Dirt amasses in a backyard in hills and pools like a dried mudslide. Slender wooden sticks with orange flags perched atop them puncture the mud’s surface, revealing little roots and worms and life. These pennants, carrot in hue in their plastic nature, join together to mark plots of land. Flags appear in plot after plot after plot, never quite ceasing, even once the pink horizon deepens and sinks into the syrupy darkness of the sludge.
This is development.
What was once fields with switchgrass, dandelions, thistles and sunflowers is now just…mud. It’s happening everywhere, every year – actions of expansion.

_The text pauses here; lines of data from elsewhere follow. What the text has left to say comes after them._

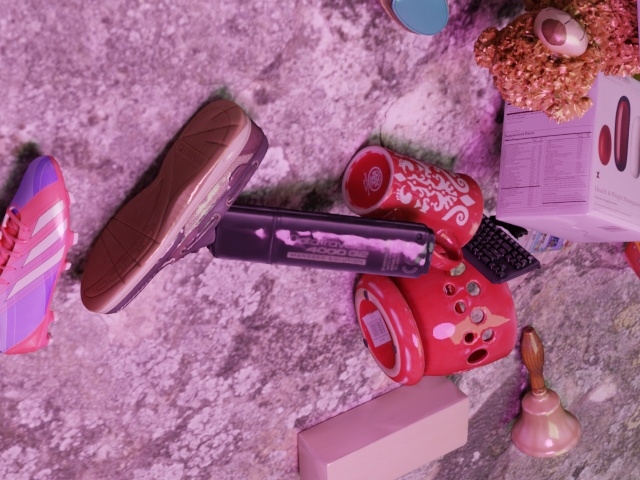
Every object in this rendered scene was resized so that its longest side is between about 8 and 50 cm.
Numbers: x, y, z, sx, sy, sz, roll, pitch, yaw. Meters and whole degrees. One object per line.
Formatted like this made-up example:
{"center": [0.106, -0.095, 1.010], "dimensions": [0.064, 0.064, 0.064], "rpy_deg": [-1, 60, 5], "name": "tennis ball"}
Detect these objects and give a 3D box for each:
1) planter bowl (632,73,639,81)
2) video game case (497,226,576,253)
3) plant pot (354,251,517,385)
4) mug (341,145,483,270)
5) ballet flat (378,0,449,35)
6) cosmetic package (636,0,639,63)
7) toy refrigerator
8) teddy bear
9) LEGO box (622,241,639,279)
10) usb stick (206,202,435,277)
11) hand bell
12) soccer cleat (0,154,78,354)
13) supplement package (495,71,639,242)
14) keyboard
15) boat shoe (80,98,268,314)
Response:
{"center": [0.511, -0.275, 1.646], "dimensions": [0.217, 0.090, 0.217], "rpy_deg": [-22, 134, -25], "name": "planter bowl"}
{"center": [0.357, -0.073, 1.740], "dimensions": [0.193, 0.023, 0.212], "rpy_deg": [-5, 125, -37], "name": "video game case"}
{"center": [0.155, 0.104, 1.596], "dimensions": [0.174, 0.191, 0.191], "rpy_deg": [-22, 135, -18], "name": "plant pot"}
{"center": [0.127, -0.049, 1.480], "dimensions": [0.169, 0.150, 0.113], "rpy_deg": [19, 107, -42], "name": "mug"}
{"center": [0.076, -0.300, 1.282], "dimensions": [0.073, 0.067, 0.206], "rpy_deg": [-46, 143, 9], "name": "ballet flat"}
{"center": [0.487, -0.406, 1.305], "dimensions": [0.230, 0.161, 0.453], "rpy_deg": [-7, 95, -35], "name": "cosmetic package"}
{"center": [0.099, 0.310, 1.800], "dimensions": [0.269, 0.094, 0.102], "rpy_deg": [-21, 128, -26], "name": "toy refrigerator"}
{"center": [0.342, -0.295, 1.394], "dimensions": [0.338, 0.113, 0.245], "rpy_deg": [-25, 92, -22], "name": "teddy bear"}
{"center": [0.726, -0.103, 1.740], "dimensions": [0.372, 0.193, 0.500], "rpy_deg": [-22, 151, -17], "name": "LEGO box"}
{"center": [0.000, 0.000, 1.397], "dimensions": [0.278, 0.045, 0.077], "rpy_deg": [6, 117, -7], "name": "usb stick"}
{"center": [0.380, 0.248, 1.989], "dimensions": [0.126, 0.126, 0.242], "rpy_deg": [-28, 126, -19], "name": "hand bell"}
{"center": [-0.322, 0.023, 1.219], "dimensions": [0.095, 0.083, 0.248], "rpy_deg": [-6, 129, -31], "name": "soccer cleat"}
{"center": [0.358, -0.113, 1.543], "dimensions": [0.194, 0.149, 0.203], "rpy_deg": [13, 79, -44], "name": "supplement package"}
{"center": [0.226, -0.011, 1.561], "dimensions": [0.108, 0.180, 0.023], "rpy_deg": [-20, 135, -27], "name": "keyboard"}
{"center": [-0.160, -0.025, 1.295], "dimensions": [0.092, 0.103, 0.285], "rpy_deg": [34, 93, -44], "name": "boat shoe"}

It’s apparent, from the sunflowers that still wave their yellowed petals to the tune of the wind, that development nearly always requires destruction. Yet, in this sense, such a thing struggles to mark progress at all when demolition precedes it. The small plot of wild sunflowers, which dance in the muddy openness on the north side of the land, provide a solitary swatch of evidence as to the damage inflicted on the land’s natural habitat to provide such advancement, this one in the name of apartment living.
As I stand staring into the dark, muddy pools of nothingness, I consider the emptiness of the land. Then, as I turn around to head back inside, my eyes catch a child clutching a dandelion, trekking across a small slice of land, just to the east of my overlook. In the midst of the opal-hued muck, fragments of green assemble as if called to fight their way through the sticky trenches of the mud. The child laughs.
I think to myself, Maybe there’s evidence of progress here after all.